Please excuse my poor post... this is my first. Let me clarify:

I am calculating for 20 PSF dead and 20 PSF live (no snow load)

The span is 19'.

The lumber is going to be Southern Pine #2.

When I look at the IRC table R802.5.1 for roof joists with 20 psf dead and 20 psf live, at 24" O.C. spacing, it says I can span 2x12 Southern Pine #2 19'-3".

When I calculate the stress using my beam program (EnerCALC) I get that the roof joists have a stress ratio of 122%. I've verified the program calculates to the NDS 2005 methods properly.

I checked the floor joists in the IRC and they match what my beam software outputs... it is just the roof joists that are too stressed.

Is there some reduction factor you can use for roof joists, beyond the repetative member reduction? What do you calculate the stress to be in that 2x12?
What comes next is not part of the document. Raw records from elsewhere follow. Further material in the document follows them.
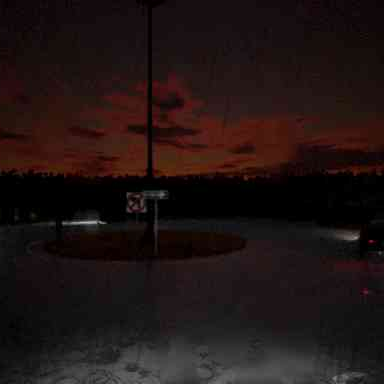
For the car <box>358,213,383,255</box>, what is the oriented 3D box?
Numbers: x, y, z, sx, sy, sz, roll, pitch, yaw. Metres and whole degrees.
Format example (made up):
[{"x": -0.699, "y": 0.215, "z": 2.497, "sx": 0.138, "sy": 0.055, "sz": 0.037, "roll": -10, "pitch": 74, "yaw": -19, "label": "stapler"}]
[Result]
[{"x": 7.433, "y": 1.542, "z": 12.704, "sx": 1.812, "sy": 1.442, "sz": 4.674, "roll": 0, "pitch": 0, "yaw": 29, "label": "car"}]

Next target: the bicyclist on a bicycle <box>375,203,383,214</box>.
[{"x": 11.260, "y": 1.473, "z": 19.431, "sx": 1.656, "sy": 1.620, "sz": 0.582, "roll": 0, "pitch": 0, "yaw": -17, "label": "bicyclist on a bicycle"}]

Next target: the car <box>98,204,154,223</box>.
[{"x": -4.986, "y": 1.591, "z": 25.235, "sx": 4.181, "sy": 1.385, "sz": 1.994, "roll": 0, "pitch": 0, "yaw": -12, "label": "car"}]
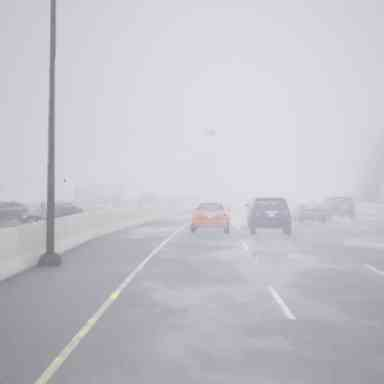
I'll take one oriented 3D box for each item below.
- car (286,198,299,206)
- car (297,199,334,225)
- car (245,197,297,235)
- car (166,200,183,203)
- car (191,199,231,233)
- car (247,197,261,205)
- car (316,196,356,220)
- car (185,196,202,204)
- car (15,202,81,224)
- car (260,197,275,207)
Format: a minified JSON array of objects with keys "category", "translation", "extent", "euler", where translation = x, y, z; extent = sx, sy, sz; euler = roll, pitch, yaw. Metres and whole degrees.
[{"category":"car","translation":[19.006,1.805,62.550],"extent":[1.994,1.385,4.181],"euler":[1,0,22]},{"category":"car","translation":[8.982,1.606,25.605],"extent":[2.128,1.511,4.902],"euler":[1,0,9]},{"category":"car","translation":[4.386,1.276,19.478],"extent":[2.150,2.045,5.566],"euler":[0,0,8]},{"category":"car","translation":[-3.452,1.503,62.806],"extent":[2.033,1.411,5.357],"euler":[1,0,19]},{"category":"car","translation":[1.236,1.365,20.169],"extent":[2.097,1.767,4.553],"euler":[1,0,7]},{"category":"car","translation":[11.954,1.674,63.770],"extent":[1.812,1.442,4.674],"euler":[0,0,22]},{"category":"car","translation":[13.285,1.392,30.604],"extent":[2.150,2.045,5.566],"euler":[0,0,11]},{"category":"car","translation":[0.406,1.516,63.155],"extent":[1.812,1.442,4.674],"euler":[1,0,20]},{"category":"car","translation":[-9.222,1.423,22.679],"extent":[2.033,1.411,5.357],"euler":[1,0,7]},{"category":"car","translation":[13.085,1.669,57.207],"extent":[1.837,1.490,4.892],"euler":[-1,0,20]}]
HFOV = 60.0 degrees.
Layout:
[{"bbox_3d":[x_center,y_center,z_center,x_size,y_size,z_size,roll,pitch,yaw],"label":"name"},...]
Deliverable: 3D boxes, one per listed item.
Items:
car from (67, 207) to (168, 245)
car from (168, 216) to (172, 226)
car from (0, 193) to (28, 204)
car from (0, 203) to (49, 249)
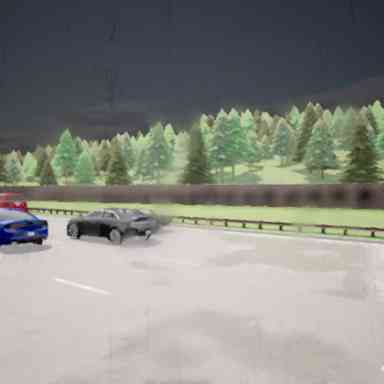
[{"bbox_3d":[-3.768,1.455,15.254,4.902,1.511,2.128,0,0,36],"label":"car"},{"bbox_3d":[-3.549,1.557,19.422,4.718,1.301,1.895,0,0,36],"label":"car"},{"bbox_3d":[-16.359,1.127,28.648,5.566,2.045,2.150,0,0,36],"label":"car"},{"bbox_3d":[-8.104,1.432,14.074,5.008,1.535,1.882,0,0,36],"label":"car"}]
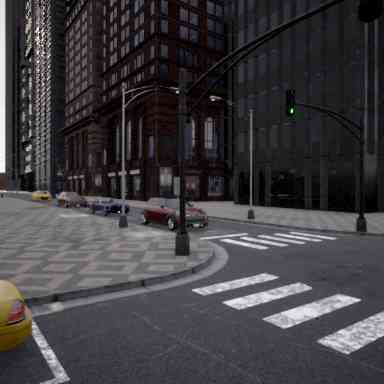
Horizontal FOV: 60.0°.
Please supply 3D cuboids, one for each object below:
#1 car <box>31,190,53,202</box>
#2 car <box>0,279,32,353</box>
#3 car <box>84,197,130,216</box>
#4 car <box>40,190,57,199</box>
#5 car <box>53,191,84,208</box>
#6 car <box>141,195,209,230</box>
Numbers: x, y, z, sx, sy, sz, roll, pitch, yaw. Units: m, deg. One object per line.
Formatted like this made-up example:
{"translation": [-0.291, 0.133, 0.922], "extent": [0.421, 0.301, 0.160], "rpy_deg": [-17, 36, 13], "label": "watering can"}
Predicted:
{"translation": [-21.461, 0.577, 47.270], "extent": [1.882, 1.535, 5.008], "rpy_deg": [0, 1, -35], "label": "car"}
{"translation": [-4.404, 1.525, 3.508], "extent": [4.829, 1.417, 1.752], "rpy_deg": [0, 0, -35], "label": "car"}
{"translation": [-6.708, 1.142, 26.658], "extent": [1.895, 1.301, 4.718], "rpy_deg": [0, 1, -36], "label": "car"}
{"translation": [-24.731, 0.467, 57.116], "extent": [1.812, 1.442, 4.674], "rpy_deg": [0, 1, -35], "label": "car"}
{"translation": [-12.596, 0.712, 34.835], "extent": [2.097, 1.767, 4.553], "rpy_deg": [0, 1, -36], "label": "car"}
{"translation": [-1.066, 1.072, 18.833], "extent": [2.097, 1.767, 4.553], "rpy_deg": [0, 1, -36], "label": "car"}
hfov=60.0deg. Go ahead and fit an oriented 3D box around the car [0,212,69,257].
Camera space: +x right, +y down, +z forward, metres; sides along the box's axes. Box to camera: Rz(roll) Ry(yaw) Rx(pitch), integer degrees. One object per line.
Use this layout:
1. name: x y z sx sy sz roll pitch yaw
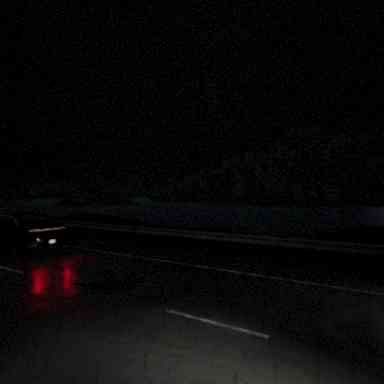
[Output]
1. car: -6.949 1.556 13.268 4.902 1.511 2.128 0 0 36
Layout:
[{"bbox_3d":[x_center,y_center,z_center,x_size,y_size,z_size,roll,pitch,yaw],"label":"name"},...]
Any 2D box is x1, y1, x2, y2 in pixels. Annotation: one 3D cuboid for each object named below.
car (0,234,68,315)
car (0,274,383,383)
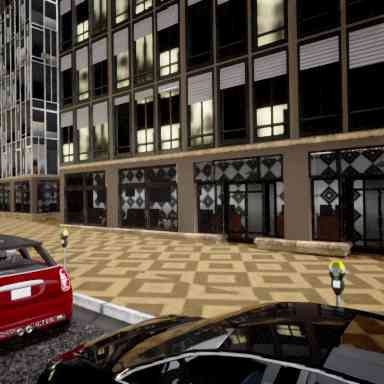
[{"bbox_3d":[-3.933,1.441,5.833,4.097,1.590,1.967,0,-1,37],"label":"car"},{"bbox_3d":[0.642,1.566,2.454,4.313,1.339,1.947,0,-1,36],"label":"car"}]
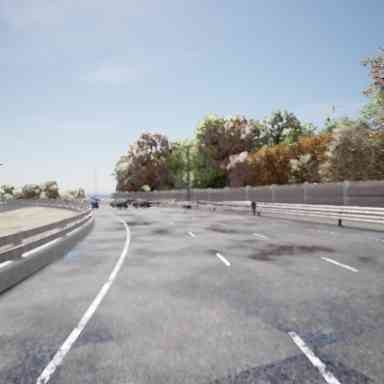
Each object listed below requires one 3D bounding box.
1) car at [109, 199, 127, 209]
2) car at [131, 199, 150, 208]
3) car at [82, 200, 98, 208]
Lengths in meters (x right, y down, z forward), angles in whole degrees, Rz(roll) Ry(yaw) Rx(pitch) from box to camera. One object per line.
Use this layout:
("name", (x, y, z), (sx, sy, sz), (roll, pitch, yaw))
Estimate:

I am tempted to just go with my calculations, but I'd love to go with the code tables to allow my clients to use less lumber and save money. Any thoughts?



--Luke
 
I believe the tables include the joist weight in the dead load, as they should. Some analysis programs add the member load again as a default setting. Something to check.

DBennett
Lone Star Engineering, PC
 
ProLuke,
You don't say what bending stress and deflection you get with calcualtions. We can only guess. My first guess is that you are using 1.0 rather than 1.25 for a load duration factor.
 
Oh... so if I am using a non-snow live load, it would be considered a construction-duration live load, so for the calculations use 1.25 load duration factor? That would explain why I get 122% stress using 1.00 duration.

Thank you all for answering my question!

--Luke
 
If all other things check out - I would agree with 1.25. You can even use 1.15 with snow based on your description of the deck.

BTW - DO NOT MAKE IT FLAT - give it at least a 1/8'' per foot angle - 1/4'' is better.

FLAT ROOFS LEAK AND WILL ALWAYS LEAK!!!